There are several different ways to define arrays. One way is to use literal numbers enclosed by square brackets. In that case, the type is inferred in the same way as above, where we used literal numbers.

myintarr = [1, 2, 3]
typeof(myintarr)
# Array{Int64,1}
myfloatarr = [1.0, 2.0, 3.0]
typeof(myfloatarr)
# Array{Float64,1}

For an array, typeof() tells us not only the type of the array elements but also how many dimensions the array has. One important feature of the array is that all elements must have the same type. So what happens when we create an array from literals with different types? The type is determined by the most complex type.

myintarr = [1, 2, 3]
typeof(myintarr)
# Array{Int64,1}
myfloatarr = [1, 2.0, 3]
typeof(myfloatarr)
# Array{Float64,1}
mystrarr = [1, "2.0", 3]
typeof(mystrarr)
# Array{Any,1}

We see that only one float value makes the entire array Float64. However, when one of the elements is a string, the type becomes Any, rather than String. That is because Julia does not convert numbers to strings. We get an error if we call convert(String, 3). If the most complex type is the Float64, Julia tries to convert all other values to that type. This works in the case where the other values are integers, because convert(Float64, 3) works. If other values cannot be converted to the most complex type all values take on the Any type. This means that values in the array can be of different types. They could literally be anything. This defeats the purpose of an array so we generally try to avoid it. There are other array creation methods besides the literal way. We can call a variety of methods that allow us to create arrays and they usually allow us to specify the type.

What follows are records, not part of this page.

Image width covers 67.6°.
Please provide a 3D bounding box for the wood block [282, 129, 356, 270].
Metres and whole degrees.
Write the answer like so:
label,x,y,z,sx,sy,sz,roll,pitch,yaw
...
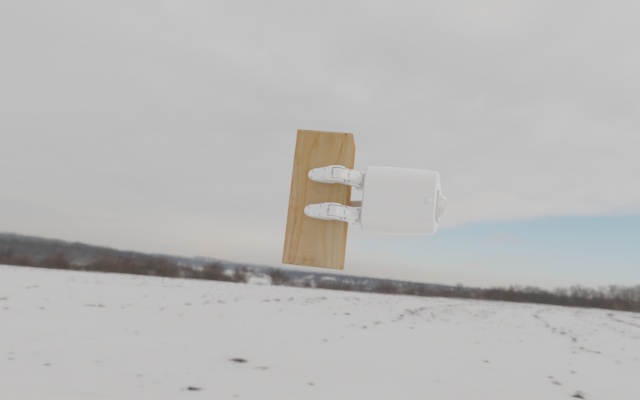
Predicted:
label,x,y,z,sx,sy,sz,roll,pitch,yaw
wood block,0.001,0.002,0.757,0.090,0.206,0.091,5,-8,8
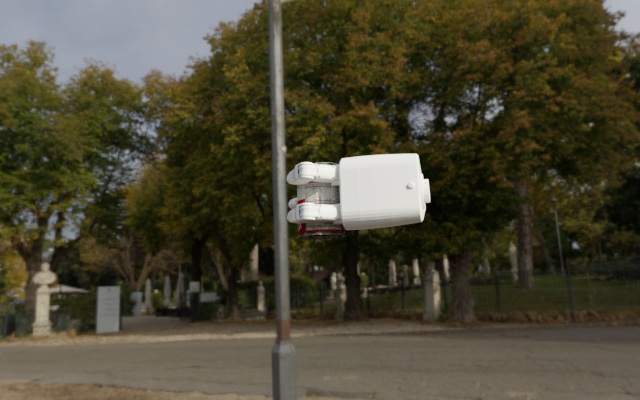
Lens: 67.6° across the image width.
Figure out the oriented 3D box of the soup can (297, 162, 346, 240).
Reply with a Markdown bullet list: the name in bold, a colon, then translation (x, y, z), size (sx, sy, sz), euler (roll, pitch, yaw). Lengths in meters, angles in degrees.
- **soup can**: translation (0.000, 0.002, 0.687), size (0.068, 0.102, 0.068), euler (-2, -10, 0)
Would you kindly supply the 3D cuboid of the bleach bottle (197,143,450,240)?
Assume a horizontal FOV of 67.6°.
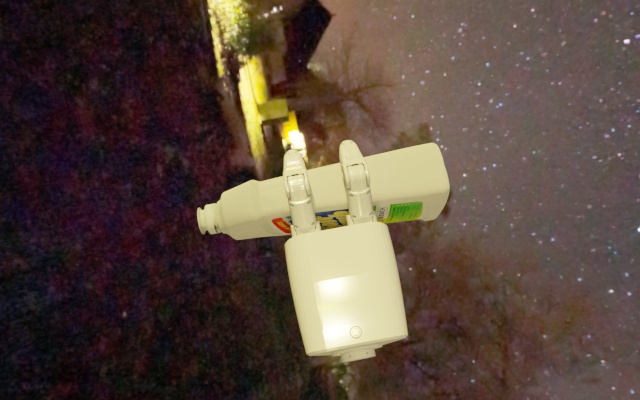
[{"bbox_3d":[0.000,0.002,0.504,0.251,0.068,0.103,-10,-20,-1],"label":"bleach bottle"}]
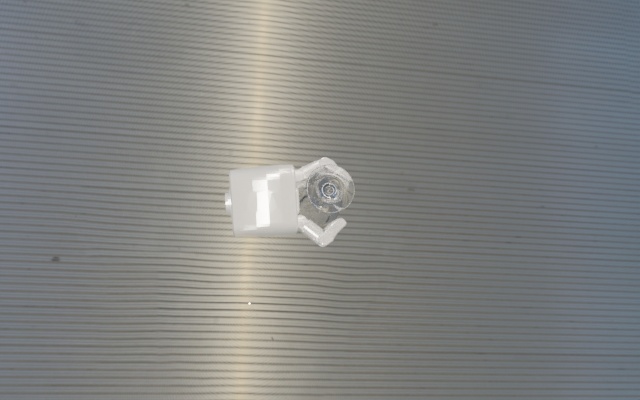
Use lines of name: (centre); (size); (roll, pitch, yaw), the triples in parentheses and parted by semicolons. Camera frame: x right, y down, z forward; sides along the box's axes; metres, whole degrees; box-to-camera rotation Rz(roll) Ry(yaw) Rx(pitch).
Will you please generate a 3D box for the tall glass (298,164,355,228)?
tall glass: (0.000, 0.003, 0.805); (0.079, 0.079, 0.201); (0, -12, -8)
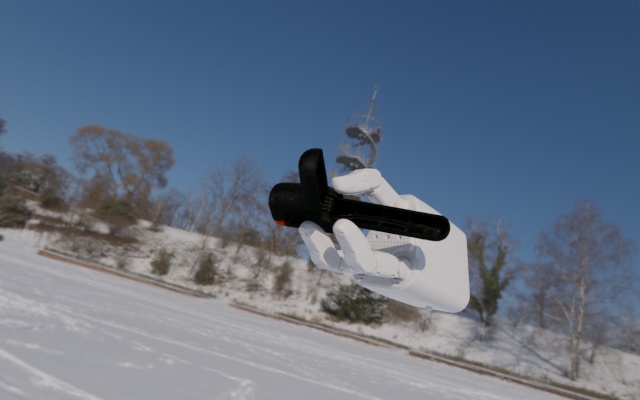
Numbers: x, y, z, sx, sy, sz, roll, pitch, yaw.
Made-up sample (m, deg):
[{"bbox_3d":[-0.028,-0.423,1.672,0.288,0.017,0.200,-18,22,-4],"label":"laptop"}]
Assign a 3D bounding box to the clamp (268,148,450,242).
[{"bbox_3d":[0.000,0.001,0.481,0.164,0.036,0.210,30,-20,-34],"label":"clamp"}]
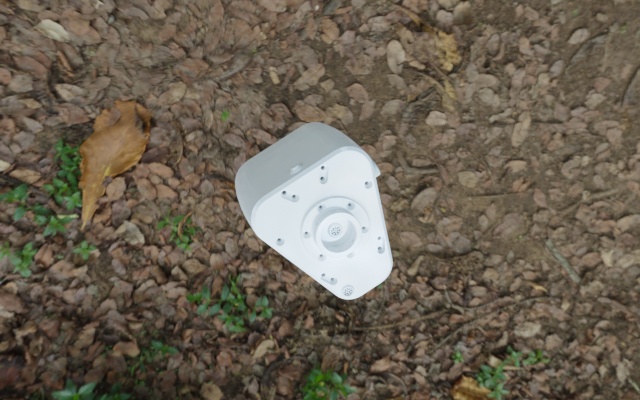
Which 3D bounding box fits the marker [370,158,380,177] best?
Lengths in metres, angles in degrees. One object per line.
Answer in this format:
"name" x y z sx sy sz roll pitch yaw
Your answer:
"marker" 0.000 0.001 0.437 0.121 0.020 0.020 -34 1 -2
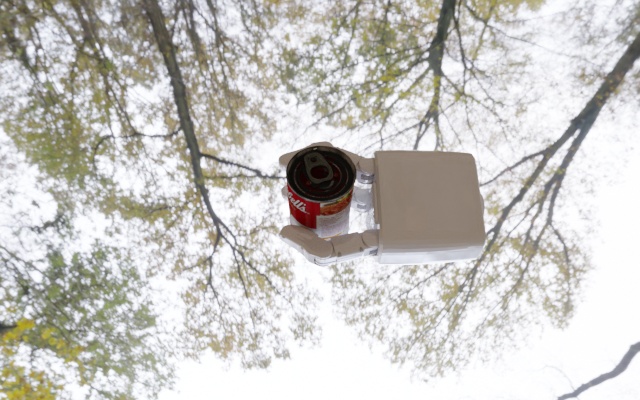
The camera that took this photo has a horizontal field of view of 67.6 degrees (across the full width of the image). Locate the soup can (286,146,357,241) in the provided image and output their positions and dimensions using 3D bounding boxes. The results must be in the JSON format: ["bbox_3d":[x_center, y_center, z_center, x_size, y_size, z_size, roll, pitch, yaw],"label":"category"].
[{"bbox_3d":[0.000,0.002,0.496,0.068,0.068,0.102,0,-34,-1],"label":"soup can"}]
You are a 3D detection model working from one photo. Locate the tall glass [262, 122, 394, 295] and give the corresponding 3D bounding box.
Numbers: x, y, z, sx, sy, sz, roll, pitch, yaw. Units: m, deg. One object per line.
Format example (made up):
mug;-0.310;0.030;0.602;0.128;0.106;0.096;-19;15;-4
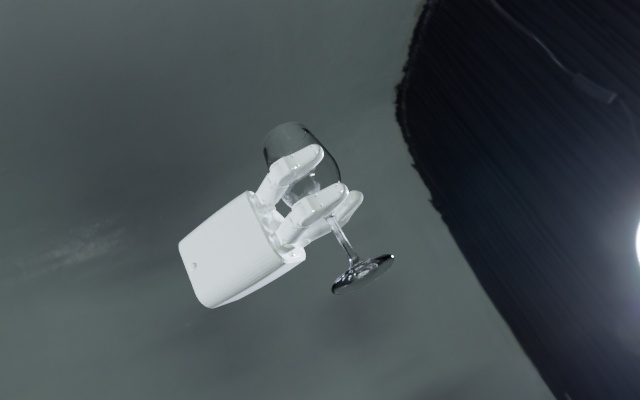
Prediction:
tall glass;0.001;0.002;0.542;0.079;0.201;0.079;-23;-27;-13
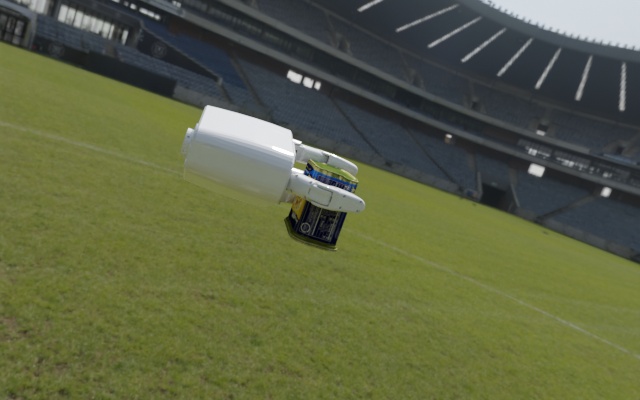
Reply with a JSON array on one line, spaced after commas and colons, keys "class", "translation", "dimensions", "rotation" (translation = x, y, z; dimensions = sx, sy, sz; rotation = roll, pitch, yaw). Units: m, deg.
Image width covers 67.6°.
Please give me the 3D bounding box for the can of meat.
[{"class": "can of meat", "translation": [0.000, 0.002, 0.556], "dimensions": [0.057, 0.084, 0.102], "rotation": [18, 8, -12]}]
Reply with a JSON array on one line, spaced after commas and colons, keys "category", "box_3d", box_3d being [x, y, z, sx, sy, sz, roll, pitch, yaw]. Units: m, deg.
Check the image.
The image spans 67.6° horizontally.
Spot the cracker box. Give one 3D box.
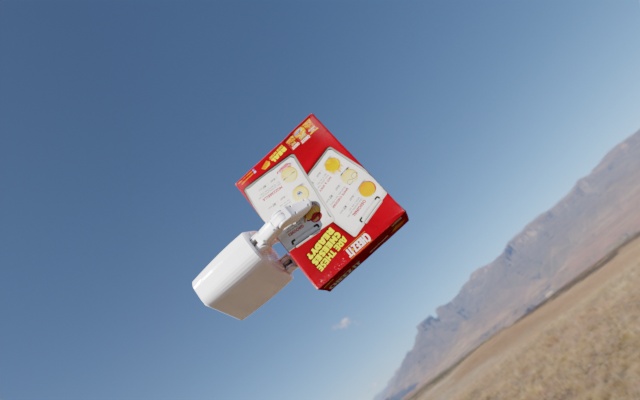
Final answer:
[{"category": "cracker box", "box_3d": [0.000, 0.002, 0.716, 0.164, 0.213, 0.072, -42, -22, 4]}]
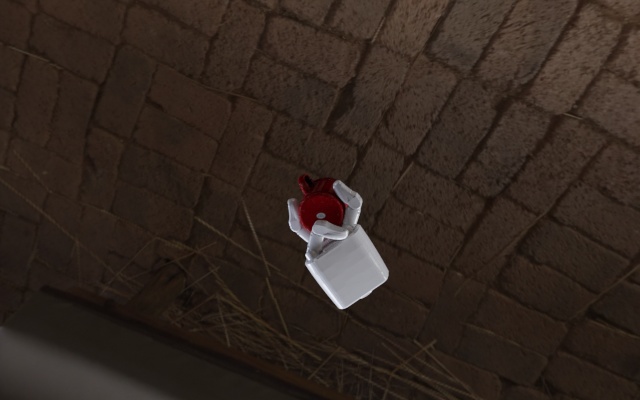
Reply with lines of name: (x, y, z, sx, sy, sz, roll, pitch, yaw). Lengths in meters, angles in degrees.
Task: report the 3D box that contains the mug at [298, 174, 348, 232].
mug: (-0.001, 0.002, 0.857, 0.093, 0.117, 0.081, -32, 9, 16)

zerosarr = zeros(Int8, (2, 3))
# 2×3 Array{Int8,2}:
#  0  0  0
#  0  0  0
zerosarr = zeros((2, 3))
# 2×3 Array{Float64,2}:
#  0.0  0.0  0.0
#  0.0  0.0  0.0

If we don’t specify the type we want, the zeros() function default to Float64. There are other functions such as ones(), giving an array of ones, or rand(), giving an array of random numbers. The type of the output can be specified for each.

That is it for our basic introduction into types. You can find a more complete introduction to Julia types in the official documentation. In summary, we don’t need to explicitly specify the type of values but sometimes it might help to make math more efficient. We will learn in later posts more about performance and efficiency in Julia.